- PROVIDED MATERIAL
※ ※ ※
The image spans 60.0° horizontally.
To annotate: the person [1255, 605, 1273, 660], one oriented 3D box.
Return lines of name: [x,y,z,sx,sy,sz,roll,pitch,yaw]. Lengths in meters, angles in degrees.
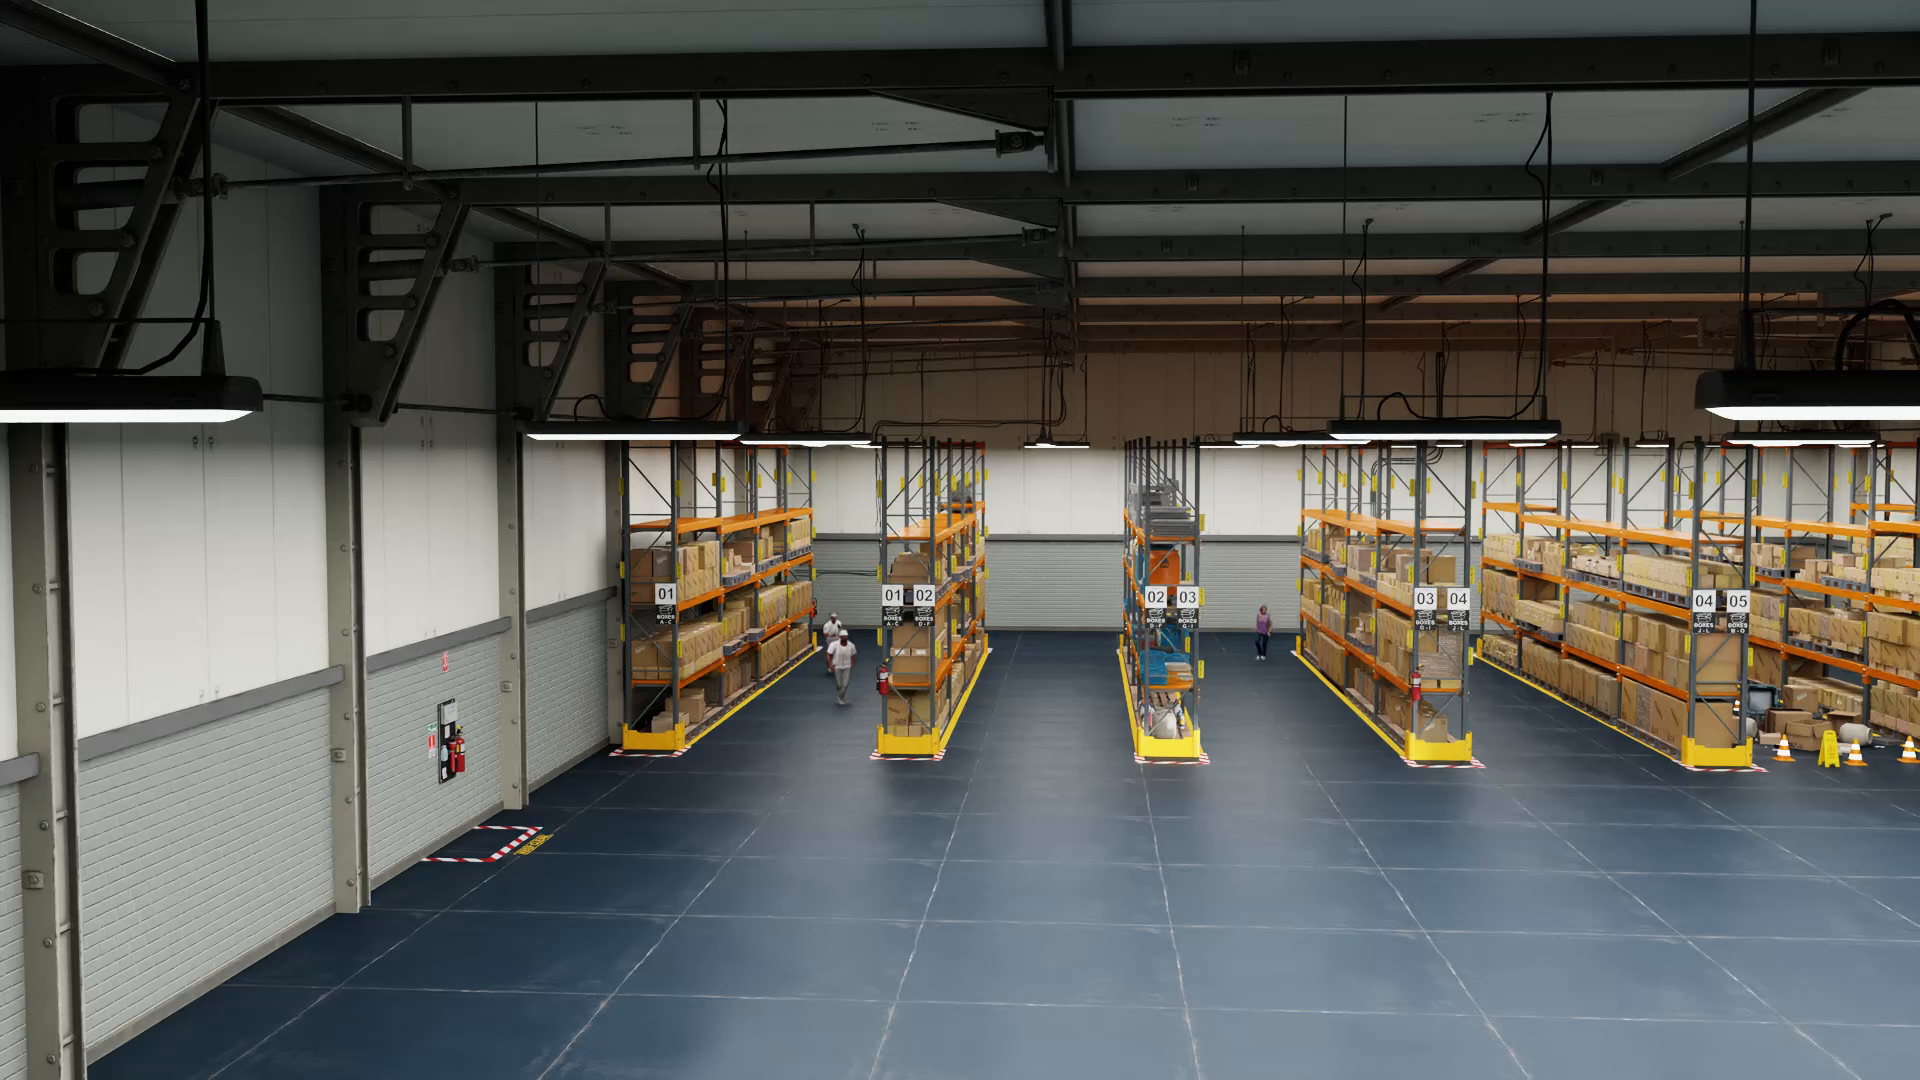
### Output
person: [8.259,2.527,45.232,0.526,1.519,0.729,1,3,20]

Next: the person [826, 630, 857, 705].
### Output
person: [-2.675,2.867,37.573,0.701,1.701,0.591,-1,3,-12]

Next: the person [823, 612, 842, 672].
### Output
person: [-3.226,2.636,42.424,0.576,1.658,0.955,-1,3,-13]

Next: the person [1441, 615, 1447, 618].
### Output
person: [13.346,2.404,45.832,0.663,1.785,0.708,1,3,13]
※ ※ ※
- BRIEF
Each line above is to be repeated exactly as written; no picture is carried over.

- SOLUTION TO THIS TASK
The image spans 60.0° horizontally.
To annotate: the person [1255, 605, 1273, 660], one oriented 3D box.
Return lines of name: [x,y,z,sx,sy,sz,roll,pitch,yaw]. Lengths in meters, angles in degrees.
### Output
person: [8.259,2.527,45.232,0.526,1.519,0.729,1,3,20]

Next: the person [826, 630, 857, 705].
### Output
person: [-2.675,2.867,37.573,0.701,1.701,0.591,-1,3,-12]

Next: the person [823, 612, 842, 672].
### Output
person: [-3.226,2.636,42.424,0.576,1.658,0.955,-1,3,-13]

Next: the person [1441, 615, 1447, 618].
### Output
person: [13.346,2.404,45.832,0.663,1.785,0.708,1,3,13]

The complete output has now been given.